Hi, me and my partner are going through quite a rough patch at the moment... He lied to me about previous relationships and one of the overlapped our relationship. I found this out and confronted him to which he denied at first, but then eventually told the truth about the overlapping as his X missis was not willing to break it off with him. We got together in May 2015 and he was still trying to end his relation with his X during June and July 15. I found this out Dec 15.
After taking all of this in, he seemed apologetic and begged for me back to which I eventually agreed as he promised to put things right and make effort. This happened in Jan 16.
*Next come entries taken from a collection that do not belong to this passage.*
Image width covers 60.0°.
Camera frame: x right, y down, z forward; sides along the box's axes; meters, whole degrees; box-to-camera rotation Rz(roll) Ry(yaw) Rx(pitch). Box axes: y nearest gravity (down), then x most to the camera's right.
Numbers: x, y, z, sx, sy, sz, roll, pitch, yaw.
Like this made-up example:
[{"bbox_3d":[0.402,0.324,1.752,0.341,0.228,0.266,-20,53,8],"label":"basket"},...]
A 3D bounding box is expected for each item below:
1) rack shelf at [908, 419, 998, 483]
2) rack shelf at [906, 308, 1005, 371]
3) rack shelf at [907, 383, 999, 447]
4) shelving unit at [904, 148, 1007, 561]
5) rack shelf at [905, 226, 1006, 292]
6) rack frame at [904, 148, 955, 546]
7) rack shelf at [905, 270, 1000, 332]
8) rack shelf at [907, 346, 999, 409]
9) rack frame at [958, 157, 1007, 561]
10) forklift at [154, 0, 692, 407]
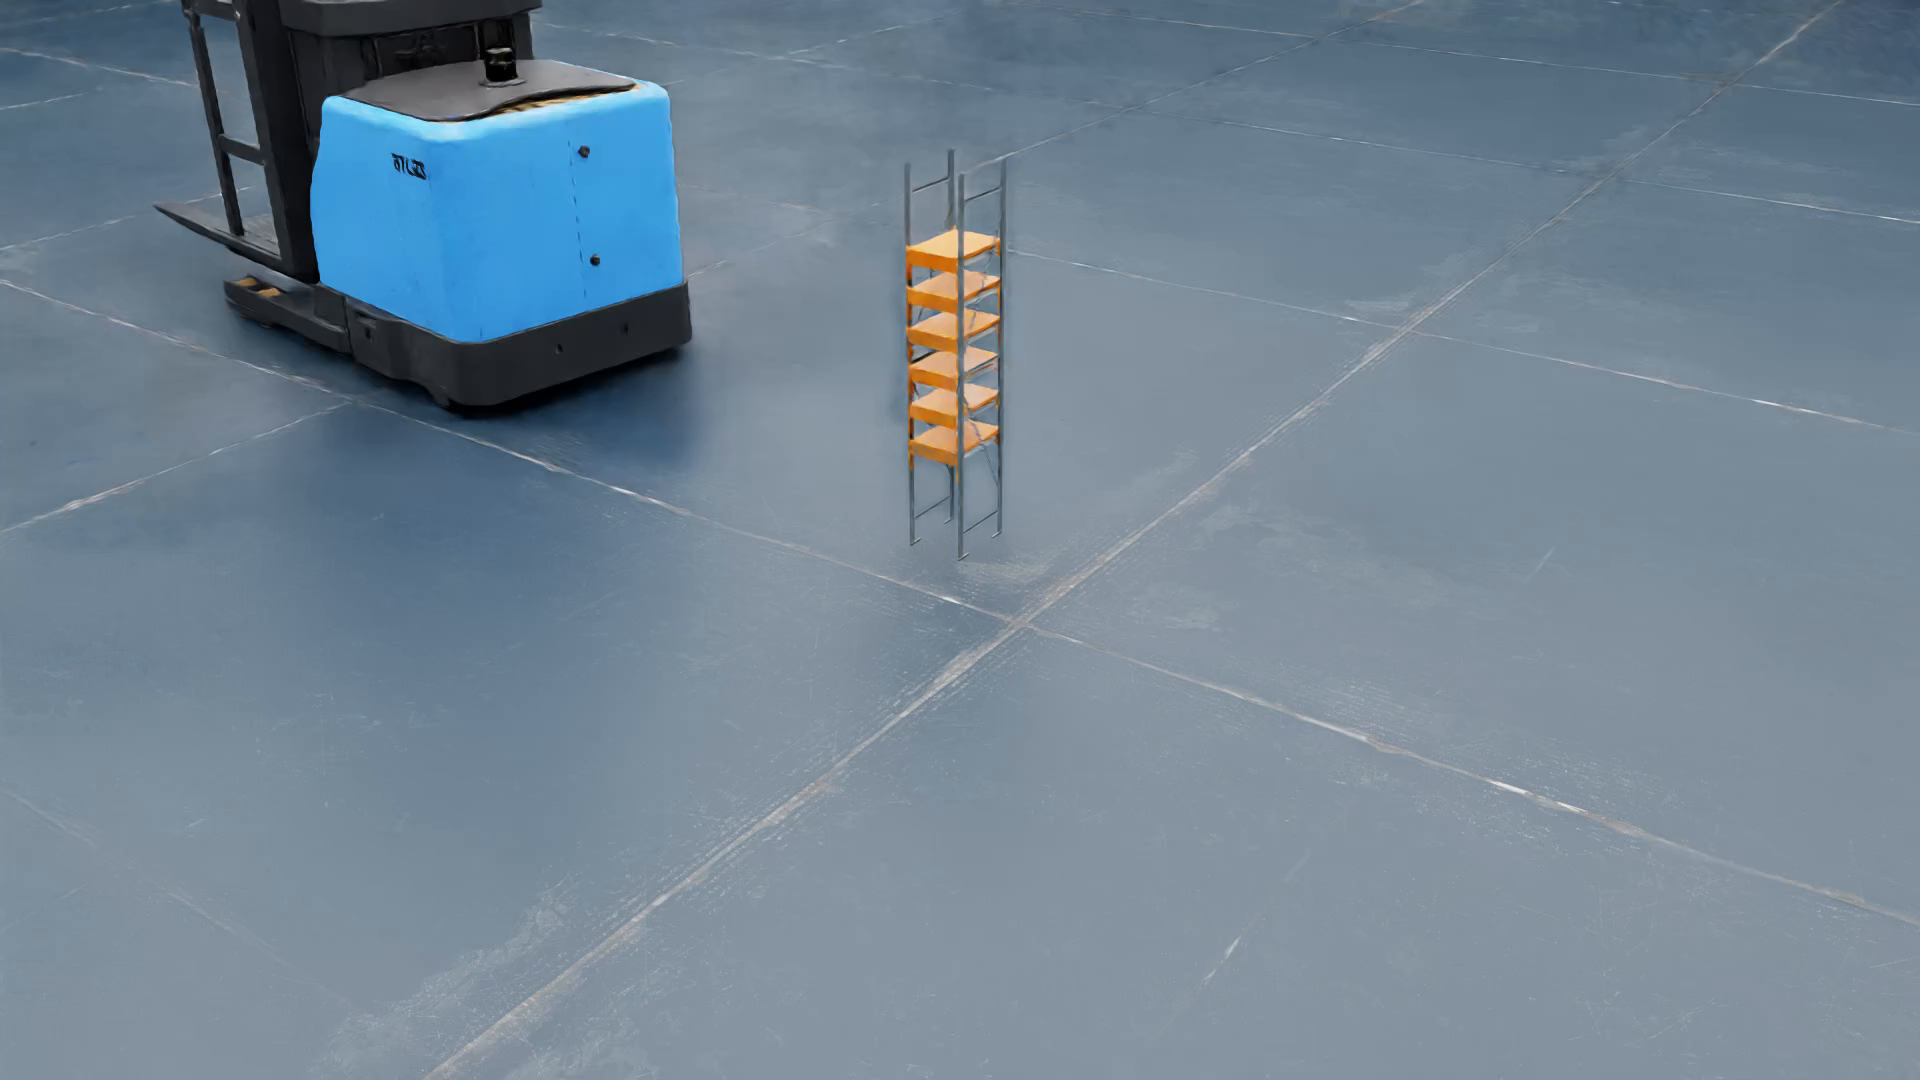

Since then, I don't feel I have seen that effort that he is making... It's been 3 months... He tells me he is trying but has to balance his life with work, studies, playing football and watching Chelsea matches and me...
All I've asked for is to keep me happy, where one day he will make real effort and the next day it's back to nothing which is causing arguments... And we are just going around in circles...
We both love each other so much but can't seem to get over these hurdles. And we need help on how we can overcome these as we both want to make it work.
Submitted: 1 year ago.
Category: Relationship
Expert:  TherapistJen replied 1 year ago.
I hear all that you are saying and how he has hurt you in the past but I want you to think of this a bit and look inward....everyone does the best that they can and maybe it is a lot of pressure to put on yourself and him that he has to make you happy each day. Life doesn't really go like that...some days things are great and others they can be middle of the road and when we are busy it can be even harder. The most important thing is that you both love each other deeply so focus on that and try and focus less on what he isn't doing and more on the times when things feel great. I think you can do that and I hear how you love him so go easy on yourself and him and enjoy all the moments.
Customer: replied 1 year ago.
Thank you for your response ūüėä
What can we do for him to help build up the trust? I have always asked him to be open honest and transparent... But I have trouble believing him sometimes and I h8 asking him to prove it.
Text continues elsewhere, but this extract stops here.